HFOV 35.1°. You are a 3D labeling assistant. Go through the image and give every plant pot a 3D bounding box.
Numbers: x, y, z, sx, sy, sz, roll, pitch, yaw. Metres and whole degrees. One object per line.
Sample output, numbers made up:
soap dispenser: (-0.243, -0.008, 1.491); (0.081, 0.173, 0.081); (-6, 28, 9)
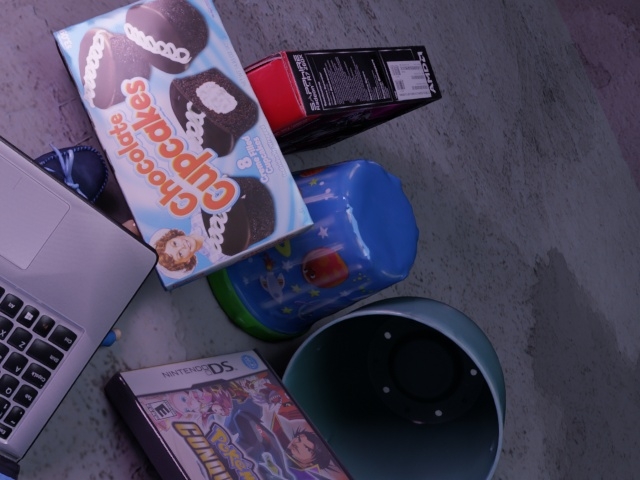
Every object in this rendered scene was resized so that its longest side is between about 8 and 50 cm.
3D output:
plant pot: (0.120, 0.208, 1.382); (0.293, 0.293, 0.235); (69, 22, -4)

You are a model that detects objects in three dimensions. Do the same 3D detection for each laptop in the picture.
laptop: (-0.334, 0.103, 0.834); (0.382, 0.236, 0.408); (41, 78, -36)

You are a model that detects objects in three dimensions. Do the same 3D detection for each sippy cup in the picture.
sippy cup: (0.000, 0.000, 1.353); (0.305, 0.224, 0.240); (-38, 106, -54)

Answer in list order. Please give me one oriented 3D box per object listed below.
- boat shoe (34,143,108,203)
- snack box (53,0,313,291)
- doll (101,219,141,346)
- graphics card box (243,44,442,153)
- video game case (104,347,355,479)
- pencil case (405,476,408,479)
boat shoe: (-0.294, -0.029, 1.085); (0.109, 0.089, 0.258); (55, 35, -19)
snack box: (-0.159, -0.123, 1.177); (0.187, 0.060, 0.322); (-24, 85, -12)
doll: (-0.252, 0.056, 1.141); (0.129, 0.046, 0.189); (61, 37, -29)
graphics card box: (-0.019, -0.186, 1.403); (0.371, 0.233, 0.094); (-20, 89, -55)
video game case: (-0.085, 0.248, 1.177); (0.248, 0.035, 0.275); (-2, 46, -54)
pencil case: (0.159, 0.397, 1.503); (0.209, 0.098, 0.095); (27, 99, -45)

============================================================

> [Goal of the exercise]:
What you return should be the full listing, unchanged, minus the pictures.

> [Written answer]:
HFOV 35.1°. You are a 3D labeling assistant. Go through the image and give every plant pot a 3D bounding box.
Numbers: x, y, z, sx, sy, sz, roll, pitch, yaw. Metres and whole degrees. One object per line.
Sample output, numbers made up:
soap dispenser: (-0.243, -0.008, 1.491); (0.081, 0.173, 0.081); (-6, 28, 9)
Every object in this rendered scene was resized so that its longest side is between about 8 and 50 cm.
3D output:
plant pot: (0.120, 0.208, 1.382); (0.293, 0.293, 0.235); (69, 22, -4)

You are a model that detects objects in three dimensions. Do the same 3D detection for each laptop in the picture.
laptop: (-0.334, 0.103, 0.834); (0.382, 0.236, 0.408); (41, 78, -36)

You are a model that detects objects in three dimensions. Do the same 3D detection for each sippy cup in the picture.
sippy cup: (0.000, 0.000, 1.353); (0.305, 0.224, 0.240); (-38, 106, -54)

Answer in list order. Please give me one oriented 3D box per object listed below.
- boat shoe (34,143,108,203)
- snack box (53,0,313,291)
- doll (101,219,141,346)
- graphics card box (243,44,442,153)
- video game case (104,347,355,479)
- pencil case (405,476,408,479)
boat shoe: (-0.294, -0.029, 1.085); (0.109, 0.089, 0.258); (55, 35, -19)
snack box: (-0.159, -0.123, 1.177); (0.187, 0.060, 0.322); (-24, 85, -12)
doll: (-0.252, 0.056, 1.141); (0.129, 0.046, 0.189); (61, 37, -29)
graphics card box: (-0.019, -0.186, 1.403); (0.371, 0.233, 0.094); (-20, 89, -55)
video game case: (-0.085, 0.248, 1.177); (0.248, 0.035, 0.275); (-2, 46, -54)
pencil case: (0.159, 0.397, 1.503); (0.209, 0.098, 0.095); (27, 99, -45)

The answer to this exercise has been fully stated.